▶ **WORK INSTRUCTIONS**
Restate the records in full and exactly, with no images included.

▶ **INPUT DATA**
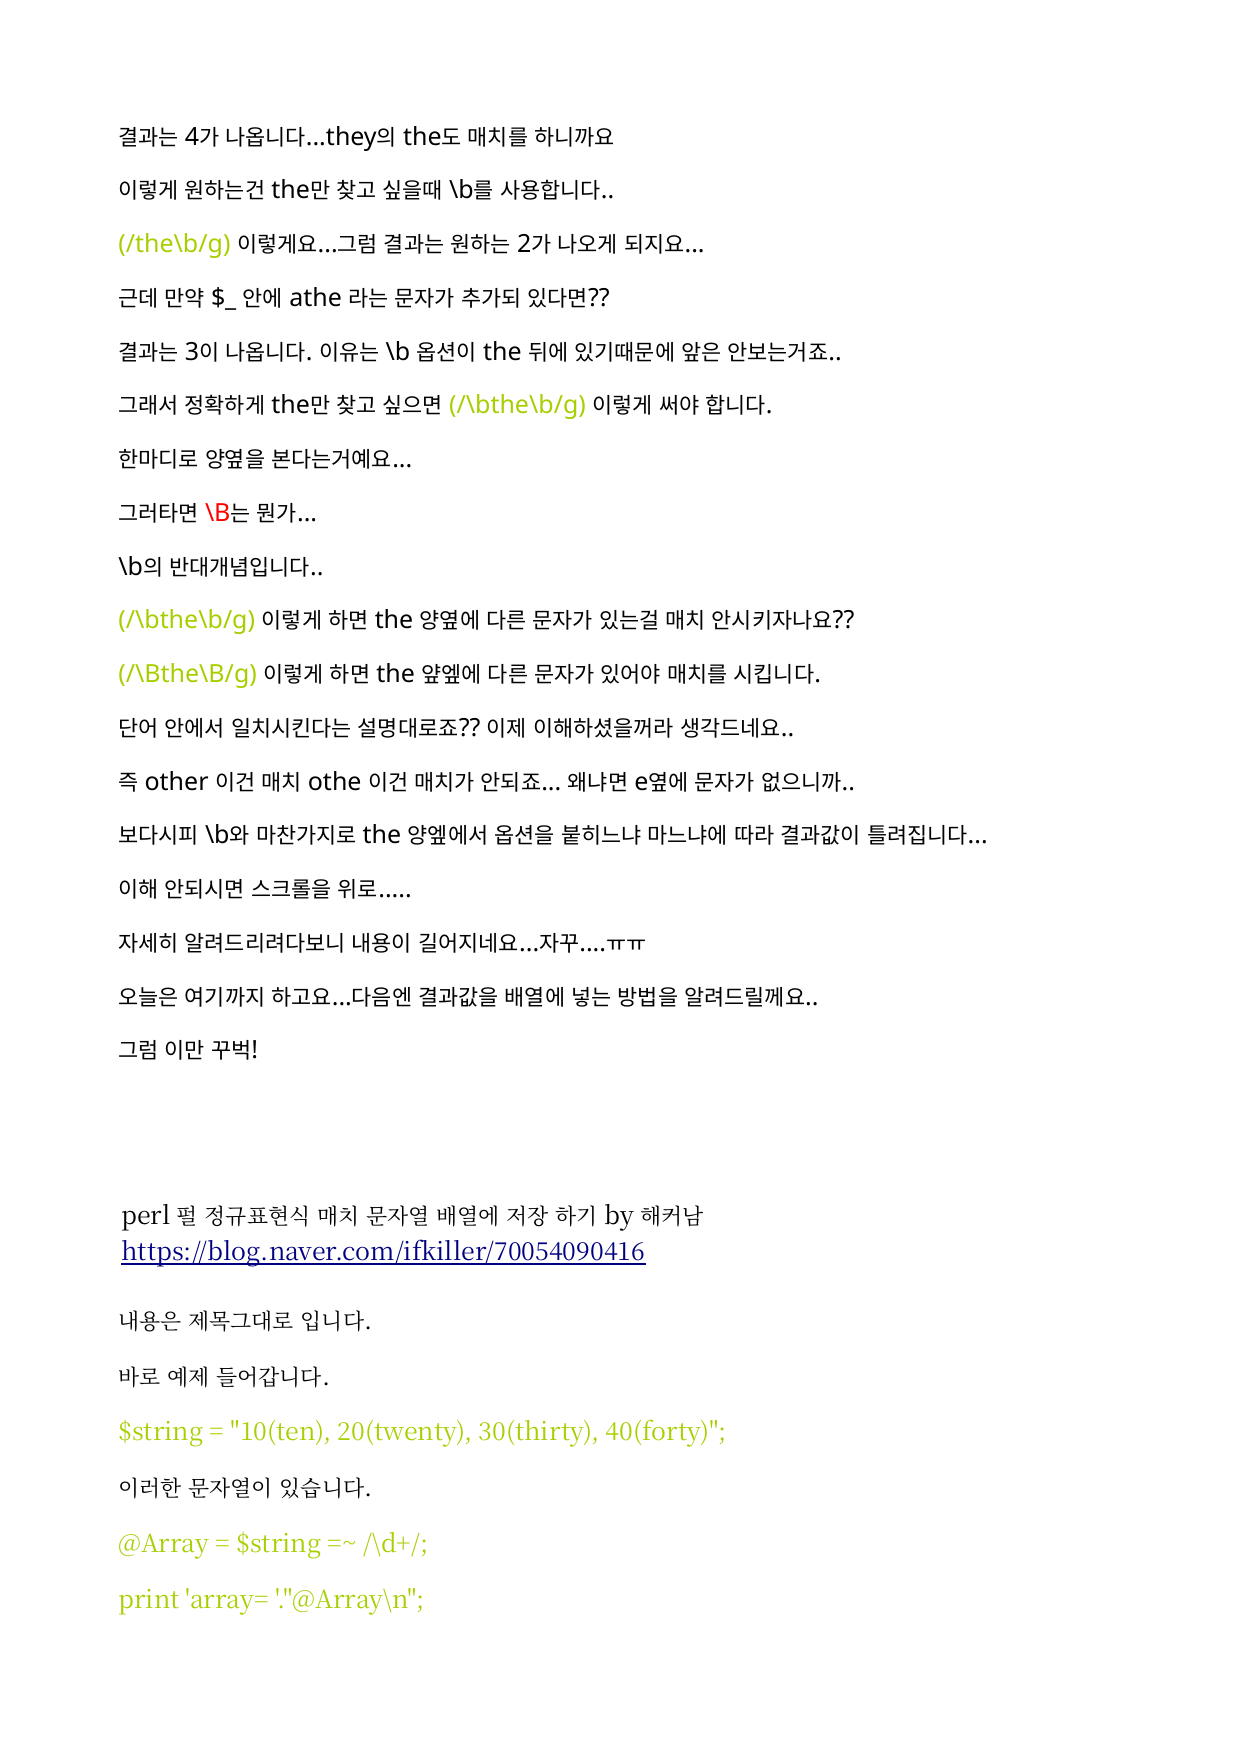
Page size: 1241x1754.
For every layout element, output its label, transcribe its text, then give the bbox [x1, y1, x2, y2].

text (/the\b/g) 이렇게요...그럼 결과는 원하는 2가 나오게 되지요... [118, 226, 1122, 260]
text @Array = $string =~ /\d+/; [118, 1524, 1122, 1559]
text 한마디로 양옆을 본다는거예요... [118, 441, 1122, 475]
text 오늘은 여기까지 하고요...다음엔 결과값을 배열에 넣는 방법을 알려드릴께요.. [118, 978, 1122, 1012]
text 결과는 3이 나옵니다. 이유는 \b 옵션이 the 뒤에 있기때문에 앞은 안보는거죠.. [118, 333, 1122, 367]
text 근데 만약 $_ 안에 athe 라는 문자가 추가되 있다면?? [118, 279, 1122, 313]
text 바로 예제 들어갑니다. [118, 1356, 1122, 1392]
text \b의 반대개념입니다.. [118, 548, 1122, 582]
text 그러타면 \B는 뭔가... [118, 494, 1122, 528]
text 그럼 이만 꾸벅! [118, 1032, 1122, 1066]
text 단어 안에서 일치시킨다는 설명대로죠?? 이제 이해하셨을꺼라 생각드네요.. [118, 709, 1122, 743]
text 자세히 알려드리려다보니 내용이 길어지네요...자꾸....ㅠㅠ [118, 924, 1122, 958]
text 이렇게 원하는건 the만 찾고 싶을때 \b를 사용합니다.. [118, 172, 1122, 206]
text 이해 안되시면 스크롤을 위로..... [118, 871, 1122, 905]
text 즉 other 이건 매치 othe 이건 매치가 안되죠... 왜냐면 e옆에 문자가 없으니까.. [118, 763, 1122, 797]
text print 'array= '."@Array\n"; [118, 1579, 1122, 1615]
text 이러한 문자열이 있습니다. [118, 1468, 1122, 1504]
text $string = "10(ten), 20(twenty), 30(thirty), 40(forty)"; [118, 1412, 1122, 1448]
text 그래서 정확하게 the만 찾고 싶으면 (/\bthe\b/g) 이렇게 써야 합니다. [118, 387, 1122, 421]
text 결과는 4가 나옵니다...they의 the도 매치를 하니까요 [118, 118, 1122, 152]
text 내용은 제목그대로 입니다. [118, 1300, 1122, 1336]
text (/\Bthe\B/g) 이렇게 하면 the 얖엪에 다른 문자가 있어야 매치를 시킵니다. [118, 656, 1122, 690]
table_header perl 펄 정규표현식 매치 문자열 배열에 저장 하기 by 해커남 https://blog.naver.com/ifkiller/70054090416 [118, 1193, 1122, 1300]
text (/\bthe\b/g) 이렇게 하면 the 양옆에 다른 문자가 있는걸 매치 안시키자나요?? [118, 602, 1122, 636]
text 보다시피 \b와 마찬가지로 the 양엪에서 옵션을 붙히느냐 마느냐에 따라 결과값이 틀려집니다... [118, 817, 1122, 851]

▶ **REPLY TO THE EXERCISE**
Page size: 1241x1754.
For every layout element, output its label, transcribe its text, then give the bbox [x1, y1, x2, y2].

text (/the\b/g) 이렇게요...그럼 결과는 원하는 2가 나오게 되지요... [118, 226, 1122, 260]
text @Array = $string =~ /\d+/; [118, 1524, 1122, 1559]
text 한마디로 양옆을 본다는거예요... [118, 441, 1122, 475]
text 오늘은 여기까지 하고요...다음엔 결과값을 배열에 넣는 방법을 알려드릴께요.. [118, 978, 1122, 1012]
text 결과는 3이 나옵니다. 이유는 \b 옵션이 the 뒤에 있기때문에 앞은 안보는거죠.. [118, 333, 1122, 367]
text 근데 만약 $_ 안에 athe 라는 문자가 추가되 있다면?? [118, 279, 1122, 313]
text 바로 예제 들어갑니다. [118, 1356, 1122, 1392]
text \b의 반대개념입니다.. [118, 548, 1122, 582]
text 그러타면 \B는 뭔가... [118, 494, 1122, 528]
text 그럼 이만 꾸벅! [118, 1032, 1122, 1066]
text 단어 안에서 일치시킨다는 설명대로죠?? 이제 이해하셨을꺼라 생각드네요.. [118, 709, 1122, 743]
text 자세히 알려드리려다보니 내용이 길어지네요...자꾸....ㅠㅠ [118, 924, 1122, 958]
text 이렇게 원하는건 the만 찾고 싶을때 \b를 사용합니다.. [118, 172, 1122, 206]
text 이해 안되시면 스크롤을 위로..... [118, 871, 1122, 905]
text 즉 other 이건 매치 othe 이건 매치가 안되죠... 왜냐면 e옆에 문자가 없으니까.. [118, 763, 1122, 797]
text print 'array= '."@Array\n"; [118, 1579, 1122, 1615]
text 이러한 문자열이 있습니다. [118, 1468, 1122, 1504]
text $string = "10(ten), 20(twenty), 30(thirty), 40(forty)"; [118, 1412, 1122, 1448]
text 그래서 정확하게 the만 찾고 싶으면 (/\bthe\b/g) 이렇게 써야 합니다. [118, 387, 1122, 421]
text 결과는 4가 나옵니다...they의 the도 매치를 하니까요 [118, 118, 1122, 152]
text 내용은 제목그대로 입니다. [118, 1300, 1122, 1336]
text (/\Bthe\B/g) 이렇게 하면 the 얖엪에 다른 문자가 있어야 매치를 시킵니다. [118, 656, 1122, 690]
table_header perl 펄 정규표현식 매치 문자열 배열에 저장 하기 by 해커남 https://blog.naver.com/ifkiller/70054090416 [118, 1193, 1122, 1300]
text (/\bthe\b/g) 이렇게 하면 the 양옆에 다른 문자가 있는걸 매치 안시키자나요?? [118, 602, 1122, 636]
text 보다시피 \b와 마찬가지로 the 양엪에서 옵션을 붙히느냐 마느냐에 따라 결과값이 틀려집니다... [118, 817, 1122, 851]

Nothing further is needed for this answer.